The timing of hibernation by desert tortoises differed among sites and years. Environmental cues acting over the short-term did not appear to influence the timing of the hibernation period. Such potential cues for hibernation onset include reduced day length and photoperiod, cooler temperatures, reduced forage availability, and timing of precipitation events. Different individual tortoises entered hibernation over as many as 44 days in the fall and emerged from hibernation over as many as 49 days in the spring.

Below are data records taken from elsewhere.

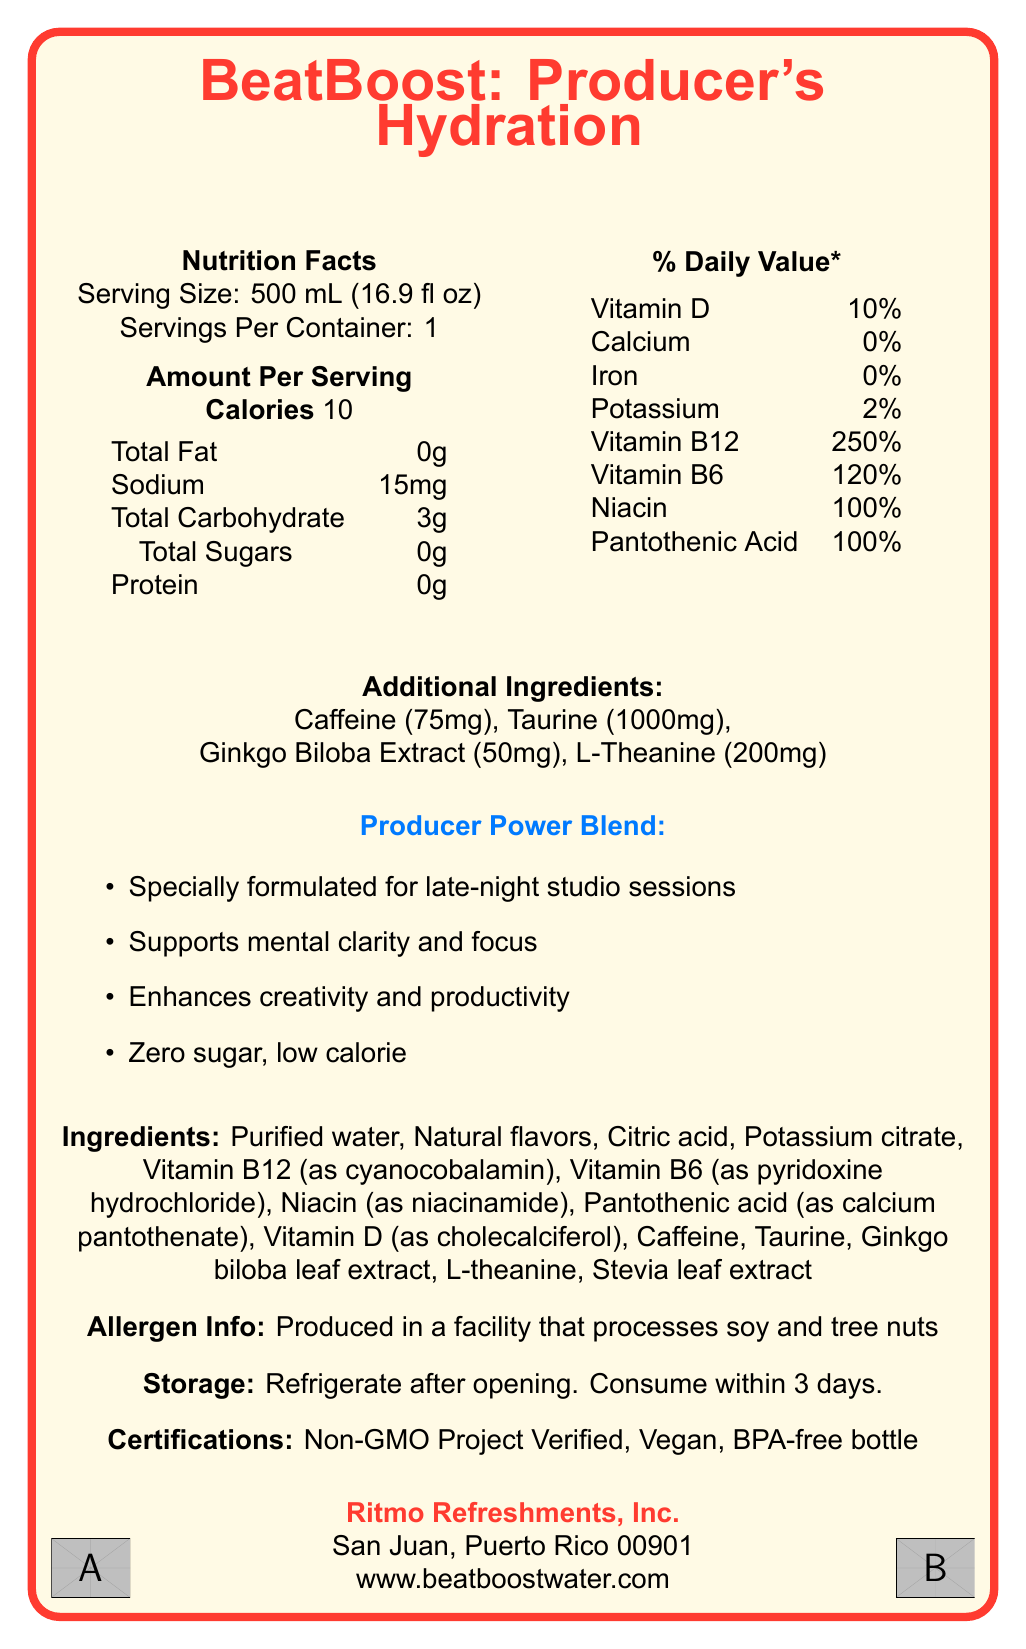What is the serving size for BeatBoost: Producer's Hydration? The serving size is explicitly mentioned under the Nutrition Facts section.
Answer: 500 mL (16.9 fl oz) How many calories are there in one serving of BeatBoost: Producer's Hydration? The total calories are listed in the Amount Per Serving section.
Answer: 10 calories What are the vitamins included in BeatBoost: Producer's Hydration? The document lists the vitamins along with their corresponding daily values.
Answer: Vitamin D, Vitamin B12, Vitamin B6, Niacin, Pantothenic Acid Which ingredient provides the highest percentage of the Daily Value (DV) among vitamins? Vitamin B12 has the highest % DV listed under the Daily Value section.
Answer: Vitamin B12 (250% DV) What special blend is highlighted for BeatBoost: Producer's Hydration? The Producer Power Blend section specifically highlights this blend.
Answer: Producer Power Blend What minerals are present in BeatBoost: Producer's Hydration? A. Calcium and Iron B. Sodium and Potassium C. Zinc and Magnesium The document lists Sodium (15mg) and Potassium (100mg, 2% DV) as the minerals present.
Answer: B. Sodium and Potassium Which of the following is a marketing claim made for BeatBoost: Producer's Hydration? A. Contains electrolytes for hydration B. Specially formulated for late-night studio sessions C. Helps in muscle recovery This is listed under the Producer Power Blend section.
Answer: B. Specially formulated for late-night studio sessions Is BeatBoost: Producer's Hydration gluten-free? The document does not provide information on whether the product is gluten-free.
Answer: Not enough information Does BeatBoost: Producer's Hydration contain any sugar? The Total Sugars content is listed as 0g under the Nutrition Facts section.
Answer: No True or False: BeatBoost: Producer's Hydration contains artificial flavors. The ingredients list mentions "Natural flavors," not artificial.
Answer: False What should you do after opening a bottle of BeatBoost: Producer's Hydration? This instruction is provided in the Storage section.
Answer: Refrigerate after opening. Consume within 3 days. Which organization certifies that BeatBoost: Producer's Hydration is non-GMO? This certification is listed under the Certifications section.
Answer: Non-GMO Project Verified Describe the main idea of the document. The document organizes an extensive amount of nutritional information and marketing details aimed at a specific target audience of music producers.
Answer: The document provides detailed nutrition information about BeatBoost: Producer's Hydration, a vitamin-enhanced bottled water marketed towards music producers. It outlines the serving size, caloric content, vitamins, minerals, special blends, ingredients, allergen info, storage instructions, certifications, and marketing claims. Who manufactures BeatBoost: Producer's Hydration? The manufacturer's name is listed at the bottom of the document.
Answer: Ritmo Refreshments, Inc. 
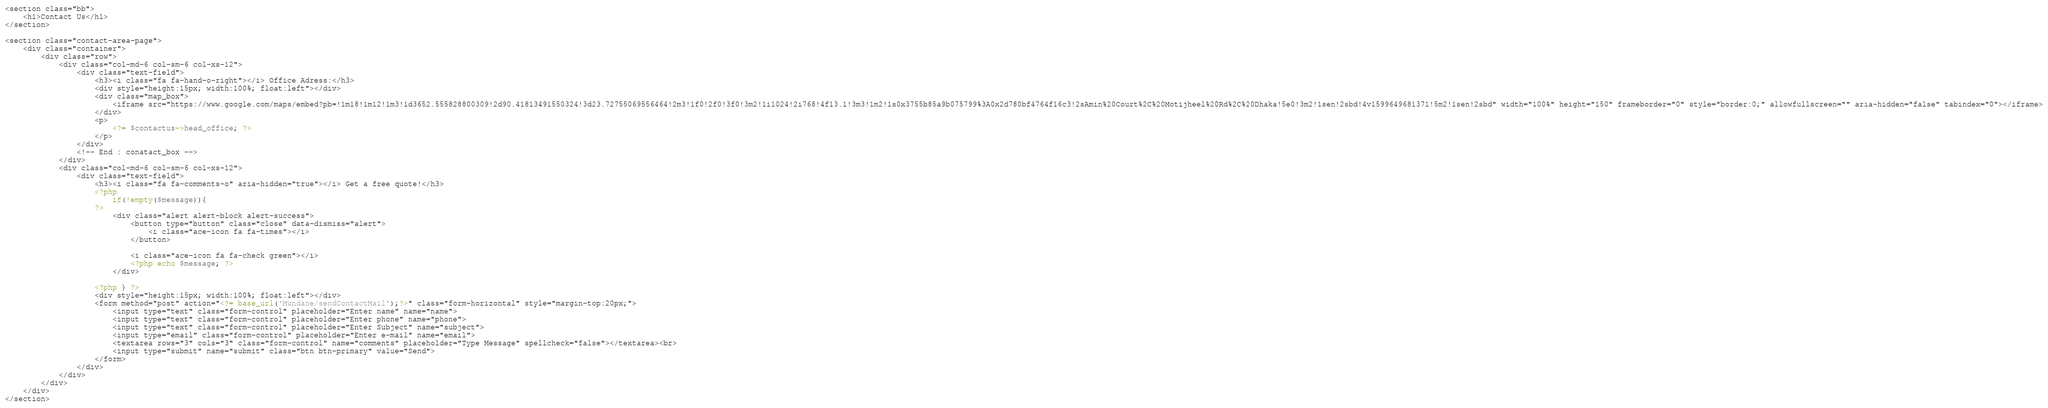<code> <loc_0><loc_0><loc_500><loc_500><_PHP_>
<section class="bb">
    <h1>Contact Us</h1>
</section>

<section class="contact-area-page">
    <div class="container">
        <div class="row">
            <div class="col-md-6 col-sm-6 col-xs-12">
                <div class="text-field">
                    <h3><i class="fa fa-hand-o-right"></i> Office Adress:</h3>
                    <div style="height:15px; width:100%; float:left"></div>
                    <div class="map_box">
                        <iframe src="https://www.google.com/maps/embed?pb=!1m18!1m12!1m3!1d3652.555828800309!2d90.41813491550324!3d23.72755069556464!2m3!1f0!2f0!3f0!3m2!1i1024!2i768!4f13.1!3m3!1m2!1s0x3755b85a9b075799%3A0x2d780bf4764f16c3!2sAmin%20Court%2C%20Motijheel%20Rd%2C%20Dhaka!5e0!3m2!1sen!2sbd!4v1599649681371!5m2!1sen!2sbd" width="100%" height="150" frameborder="0" style="border:0;" allowfullscreen="" aria-hidden="false" tabindex="0"></iframe>
                    </div>
                    <p>
                        <?= $contactus->head_office; ?>
                    </p>
                </div>
                <!-- End : conatact_box -->
            </div>
            <div class="col-md-6 col-sm-6 col-xs-12">
                <div class="text-field">
                    <h3><i class="fa fa-comments-o" aria-hidden="true"></i> Get a free quote!</h3>
                    <?php 
                        if(!empty($message)){
                    ?>
                        <div class="alert alert-block alert-success">
                            <button type="button" class="close" data-dismiss="alert">
                                <i class="ace-icon fa fa-times"></i>
                            </button>

                            <i class="ace-icon fa fa-check green"></i>
                            <?php echo $message; ?>
                        </div>

                    <?php } ?>
                    <div style="height:15px; width:100%; float:left"></div>
                    <form method="post" action="<?= base_url('Mundane/sendContactMail');?>" class="form-horizontal" style="margin-top:20px;">
                        <input type="text" class="form-control" placeholder="Enter name" name="name">
                        <input type="text" class="form-control" placeholder="Enter phone" name="phone">
                        <input type="text" class="form-control" placeholder="Enter Subject" name="subject">
                        <input type="email" class="form-control" placeholder="Enter e-mail" name="email">
                        <textarea rows="3" cols="3" class="form-control" name="comments" placeholder="Type Message" spellcheck="false"></textarea><br>
                        <input type="submit" name="submit" class="btn btn-primary" value="Send">
                    </form>
                </div>
            </div>
        </div>
    </div>
</section></code> 
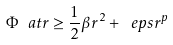<formula> <loc_0><loc_0><loc_500><loc_500>\Phi \ a t { r } \geq \frac { 1 } { 2 } { \beta } r ^ { 2 } + \ e p s { r } ^ { p }</formula> 
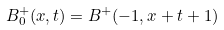<formula> <loc_0><loc_0><loc_500><loc_500>B ^ { + } _ { 0 } ( x , t ) = B ^ { + } ( - 1 , x + t + 1 )</formula>

This range of variation in the timing of hibernation indicates a weak influence at best of external cues hypothesized to trigger and terminate hibernation. However, there do appear to be regional trends in hibernation behavior as hibernation tended to begin earlier and continue longer at sites that were higher in elevation and generally cooler. The emergence date was generally more similar among study sites than the date of onset.
While the climate and the subsequent timing of hibernation differed among sites, the average temperatures experienced by tortoises while hibernating differed by only about five degrees from the coldest site to the warmest site.
- Desert tortoises at a given site enter and terminate hibernation over much longer time periods than was previously thought, and the timing of hibernation appears to be uncoupled from acute environmental cues.
- Tortoises at different study sites appear to select different types of hibernacula so as to stabilize their winter temperature exposures.
- Management decisions allowing activities to occur in winter months should account for the variability in the timing of hibernation.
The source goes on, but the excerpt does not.